One night in 2008 I awoke in the middle of the night to a strange sound. I was still groggy, and as I blinked my eyes to try to get them to focus in the darkness of the room, the sound became louder. All at once I was inexplicably certain that the sound was that of massive, feathered wings beating—not as if they were in flight, but just as if they were flapping for the effect of their sound, since they were clearly flapping in the same place: at the foot of my bed.
I had a passing thought that I must be dreaming, except that I knew I wasn’t. At the alarm of realizing there was a massive winged creature in my room, I became very much awake. I also became paralyzed with fear. And not just in a figurative sense—I literally could not move. I felt weighed down in my bed. I can’t remember now if I was on my back or my stomach, but I know that I was unable to sit up and face the creature in my room. Neither could I yell out to any of my roommates (I remember that at least one of them was present in the house that night).
So I lied there, listening, waiting. I could not only hear the creature in my room, but I could sense its presence, almost unwillingly. Like it was making me aware of it. Like it wanted me to feel it there, hovering over my feet, threatening and powerful. It dawned on me that this wasn’t an animal, so my metaphysics of course immediately suggested to me that it was demonic. It was some kind of malevolent spirit, and it was here to do something to me. I’m a little embarrassed to say that—since I kept trying to move and couldn’t—my next emotion was resignation. I lied there, feeling like an object of this creature’s peculiar lust for domination or whatever it was there for, and I prepared myself for whatever was going to happen. I know that I had a million thoughts going through my head, but they all moved under a thick cloud of confusion. I just remember praying: “Lord have mercy. God help me.”
As I waited for the thing to do something to me, or else for God to intervene and save me, the sound of wings and the sense of the specter faded away. I felt alone again—neither in danger from the spirit nor particularly comforted by God. Just, alone. It was so confusing. I was now lying in bed and able to move again. But I hadn’t woken up as from a dream—I had merely been released from that strange shadow of terror with its undeniably real sensations.
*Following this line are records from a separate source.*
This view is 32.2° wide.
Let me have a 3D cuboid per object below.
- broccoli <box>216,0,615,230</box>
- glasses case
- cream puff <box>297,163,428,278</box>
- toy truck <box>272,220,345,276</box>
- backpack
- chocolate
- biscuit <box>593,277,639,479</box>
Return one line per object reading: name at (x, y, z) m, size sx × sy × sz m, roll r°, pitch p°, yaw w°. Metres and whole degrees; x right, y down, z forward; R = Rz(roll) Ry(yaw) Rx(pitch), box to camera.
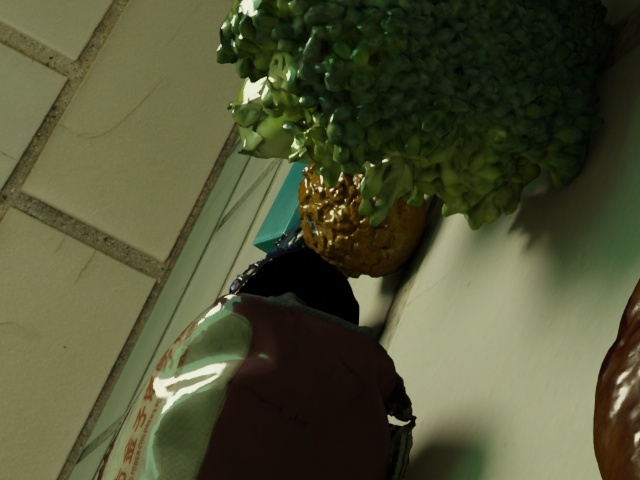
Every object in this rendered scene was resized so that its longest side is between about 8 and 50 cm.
broccoli at (0.081, -0.159, 0.844) m, size 0.338 × 0.277 × 0.317 m, roll -57°, pitch 17°, yaw -15°
glasses case at (0.014, -0.113, 1.545) m, size 0.301 × 0.070 × 0.117 m, roll -62°, pitch 17°, yaw -17°
cream puff at (0.033, -0.035, 1.065) m, size 0.126 × 0.103 × 0.144 m, roll -19°, pitch 66°, yaw 39°
toy truck at (0.000, 0.000, 1.295) m, size 0.088 × 0.074 × 0.202 m, roll -60°, pitch 11°, yaw -23°
backpack at (-0.068, 0.197, 0.814) m, size 0.283 × 0.197 × 0.317 m, roll -66°, pitch 8°, yaw -18°
chocolate at (-0.052, 0.095, 1.159) m, size 0.126 × 0.148 × 0.343 m, roll -31°, pitch -2°, yaw -13°
biscuit at (0.189, 0.032, 0.483) m, size 0.212 × 0.036 × 0.212 m, roll -56°, pitch 12°, yaw 18°
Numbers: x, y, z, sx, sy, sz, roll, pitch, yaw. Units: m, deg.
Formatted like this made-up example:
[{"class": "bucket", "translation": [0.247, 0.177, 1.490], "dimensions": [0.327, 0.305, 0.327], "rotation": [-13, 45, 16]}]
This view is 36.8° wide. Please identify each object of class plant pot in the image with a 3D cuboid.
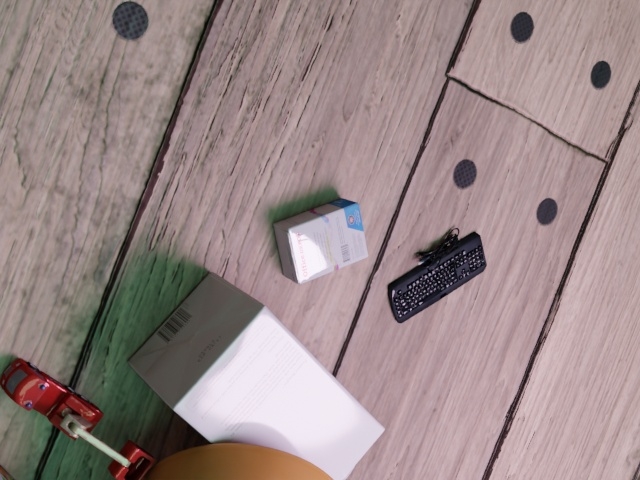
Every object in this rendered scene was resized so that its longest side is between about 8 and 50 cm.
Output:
[{"class": "plant pot", "translation": [-0.111, 0.429, 1.225], "dimensions": [0.290, 0.204, 0.291], "rotation": [2, 131, 2]}]

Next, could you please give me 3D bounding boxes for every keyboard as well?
[{"class": "keyboard", "translation": [0.192, 0.053, 1.540], "dimensions": [0.192, 0.038, 0.100], "rotation": [-31, 117, -21]}]

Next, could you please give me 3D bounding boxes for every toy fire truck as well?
[{"class": "toy fire truck", "translation": [-0.312, 0.232, 1.228], "dimensions": [0.192, 0.135, 0.047], "rotation": [42, 80, -32]}]

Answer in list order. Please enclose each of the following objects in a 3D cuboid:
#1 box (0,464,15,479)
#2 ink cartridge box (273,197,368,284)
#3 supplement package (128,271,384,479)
[{"class": "box", "translation": [-0.362, 0.436, 1.196], "dimensions": [0.126, 0.231, 0.262], "rotation": [-40, 119, -16]}, {"class": "ink cartridge box", "translation": [0.000, 0.000, 1.402], "dimensions": [0.122, 0.052, 0.089], "rotation": [-21, 113, -26]}, {"class": "supplement package", "translation": [-0.086, 0.218, 1.334], "dimensions": [0.177, 0.175, 0.293], "rotation": [-48, 122, -12]}]
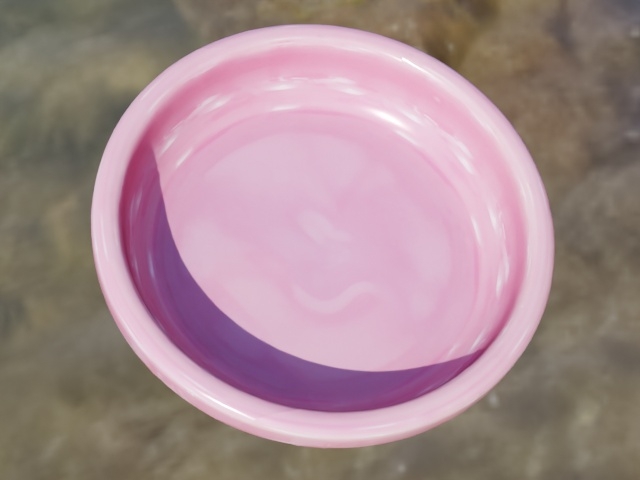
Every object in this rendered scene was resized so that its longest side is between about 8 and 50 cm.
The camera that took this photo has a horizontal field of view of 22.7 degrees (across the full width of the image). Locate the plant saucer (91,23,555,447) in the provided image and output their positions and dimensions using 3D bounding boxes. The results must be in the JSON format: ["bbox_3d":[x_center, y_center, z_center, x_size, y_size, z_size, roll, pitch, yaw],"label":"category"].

I know I heard those wings. I know I felt something there over my feet. But then strangely, suddenly, I didn’t hear or feel anything. I didn’t get up from my bed, but instead let sleep take me again, too tired and confused to do anything else.
Over the next few days, I told a handful of close, like-minded friends what happened. I articulated questions I had about the experience to them: Was it a demon? Did it mean something? Was it trying to scare me for some particular reason? Why me? Why now? The best and most comforting counsel I got for all my questions was, “If it was demonic, you should expect confusion. While angels may bring messages and clarity, the demonic only deliver confusion and darkness.” I reasoned that my efforts to plant a new church at the time were as likely a reason as any to invite preventative efforts from the Devil and Co., and I was contented—even strengthened—in the thought that this episode may have been a scare tactic or threat because of my work.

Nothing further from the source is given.